TEHA ha adottato l’algoritmo SCORE2 dell’European Society of Cardiology (ESC) come modello di stratificazione del livello di rischio cardio-metabolico, che ha permesso di quantificare la distribuzione del rischio nella popolazione italiana in età lavorativa tra i 40 e i 69 anni senza pregressi eventi CV: nel complesso circa 24,5 milioni di individui. Ne emerge che il 50,1% di questa popolazione è a rischio medio-alto: i soggetti a rischio alto rappresentano il 7,5% del totale, mentre quelli a rischio altissimo il 4,2%. Si registra, inoltre, una significativa differenza tra donne (28,6%) e uomini (72,4%), in virtù del fatto che nelle donne il rischio cardio-metabolico cresce significativamente dopo la menopausa. In aggiunta, la probabilità di andare incontro a un evento acuto nei successivi 10 anni è superiore nella popolazione ad alto rischio (10,9%) rispetto alla popolazione a rischio medio (6,2%) e basso (2,8%). Ai soggetti a rischio medio-alto è associato un costo annuale di 13,4 miliardi di euro, andando a considerare sia i costi sanitari diretti sia quelli indiretti legati alla perdita di produttività di questi soggetti e dei loro caregiver.

Considerato l’impatto dei fattori di rischio cardio-metabolico sulla mortalità evitabile, la prevenzione primaria rappresenta un elemento chiave per queste patologie. Ciò è ancor più evidente in un contesto di risorse economiche limitate e alla luce delle opportunità offerte dal New Economic Governance Framework (NEGF), che mira a promuovere gli investimenti pubblici in alcuni settori prioritari, tra cui la sanità pubblica e la prevenzione sanitaria, concedendo una maggiore flessibilità nella definizione della traiettoria di rientro del debito pubblico e/o del deficit (periodo di aggiustamento da 4 a 7 anni) ai Paesi Membri che decidono di includerli nei loro Piani di Medio Termine.

L’introduzione di un programma di screening per la prevenzione cardio-metabolica dovrebbe comprendere: un questionario sugli stili di vita e un pacchetto di semplici esami, quali misurazione della pressione arteriosa, glicemia per la valutazione dell’emoglobina glicata nel diabete, profilo lipidico e lipoproteina per la valutazione dell’ipercolesterolemia e, solo per i 65-69enni, un ECG. Tutto ciò consentirebbe di individuare la presenza di eventuali fattori di rischio e avviare i soggetti con un profilo di rischio medio-alto a un trattamento educazionale e/o farmacologico precoce, prevenendo l’insorgenza di eventi acuti, e non solo.
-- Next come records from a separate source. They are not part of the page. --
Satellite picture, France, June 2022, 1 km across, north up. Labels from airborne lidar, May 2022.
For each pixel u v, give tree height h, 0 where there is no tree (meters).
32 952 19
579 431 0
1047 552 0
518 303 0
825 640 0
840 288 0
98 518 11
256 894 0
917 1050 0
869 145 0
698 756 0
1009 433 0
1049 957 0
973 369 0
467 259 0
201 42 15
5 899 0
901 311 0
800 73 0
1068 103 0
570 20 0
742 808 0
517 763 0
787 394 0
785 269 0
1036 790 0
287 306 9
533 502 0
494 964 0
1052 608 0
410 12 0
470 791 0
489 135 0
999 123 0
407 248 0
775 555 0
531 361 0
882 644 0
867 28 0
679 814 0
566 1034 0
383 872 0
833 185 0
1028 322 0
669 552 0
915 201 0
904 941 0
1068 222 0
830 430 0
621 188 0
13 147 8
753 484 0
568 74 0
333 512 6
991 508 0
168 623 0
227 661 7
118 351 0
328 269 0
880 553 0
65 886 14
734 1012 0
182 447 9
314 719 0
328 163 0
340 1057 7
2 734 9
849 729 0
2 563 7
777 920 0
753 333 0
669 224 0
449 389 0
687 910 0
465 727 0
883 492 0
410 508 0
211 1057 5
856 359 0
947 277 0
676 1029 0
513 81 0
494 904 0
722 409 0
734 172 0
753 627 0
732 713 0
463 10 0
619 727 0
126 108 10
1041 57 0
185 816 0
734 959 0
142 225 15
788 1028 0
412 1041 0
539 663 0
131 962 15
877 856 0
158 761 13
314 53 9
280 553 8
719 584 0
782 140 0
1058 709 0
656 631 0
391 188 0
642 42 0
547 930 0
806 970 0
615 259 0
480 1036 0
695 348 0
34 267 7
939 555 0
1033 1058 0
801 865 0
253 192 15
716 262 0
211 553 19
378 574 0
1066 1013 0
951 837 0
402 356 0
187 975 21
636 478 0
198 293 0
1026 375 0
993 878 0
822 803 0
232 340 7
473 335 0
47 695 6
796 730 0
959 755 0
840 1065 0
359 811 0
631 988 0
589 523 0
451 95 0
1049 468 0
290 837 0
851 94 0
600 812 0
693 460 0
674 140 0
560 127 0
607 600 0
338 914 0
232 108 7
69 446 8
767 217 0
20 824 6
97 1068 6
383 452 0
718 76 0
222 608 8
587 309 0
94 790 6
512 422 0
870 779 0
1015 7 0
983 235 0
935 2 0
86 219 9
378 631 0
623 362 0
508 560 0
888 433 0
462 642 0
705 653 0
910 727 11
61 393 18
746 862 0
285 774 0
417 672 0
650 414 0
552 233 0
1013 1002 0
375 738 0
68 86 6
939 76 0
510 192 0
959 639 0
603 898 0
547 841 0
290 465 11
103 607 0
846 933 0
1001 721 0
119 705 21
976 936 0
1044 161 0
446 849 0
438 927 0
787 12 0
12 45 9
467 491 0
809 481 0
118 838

Considerando il rapporto tra i benefici derivanti dalla riduzione del rischio cardio-metabolico e i costi associati all’implementazione del programma di screening – dalle lettere di invito alla popolazione, al costo degli esami e del personale (SSN / farmacisti) – ne deriva un ritorno dell’investimento che varia tra 1,4 e 1,8 (1,6 nello scenario mediano), con un ritorno netto di 0,4-0,8 euro per ogni euro investito.

Si ottiene questo risultato ipotizzando una adesione allo screening da parte del 40% dei circa 18 milioni di italiani tra i 40-69 anni che rappresentano il target di questo programma – individui che non hanno avuto precedenti eventi cardiovascolari e non sono in cura per ipercolesterolemia e/o diabete, già inseriti in un percorso di presa in carico. Anche se non dovesse essere raggiunta la supposta soglia di adesione del 40%, le simulazioni mostrano che sarebbe sufficiente un’adesione dello 0,3% della popolazione target, pari a circa 70.000 persone, perché l’intervento sia economicamente sostenibile (ROI = 1).

Il ritorno economico è massimo nella fascia d’età più giovane (2,2 nei soggetti di 40-49 anni vs. 1,5 nei soggetti 50-59 anni vs. 1,3 nei soggetti di 60-69 anni) e nei soggetti con un più basso livello di rischio (5,7 nei soggetti a rischio medio vs. 0,5 nei soggetti a rischio alto), a conferma che più l’intervento è precoce maggiori sono i benefici ottenuti.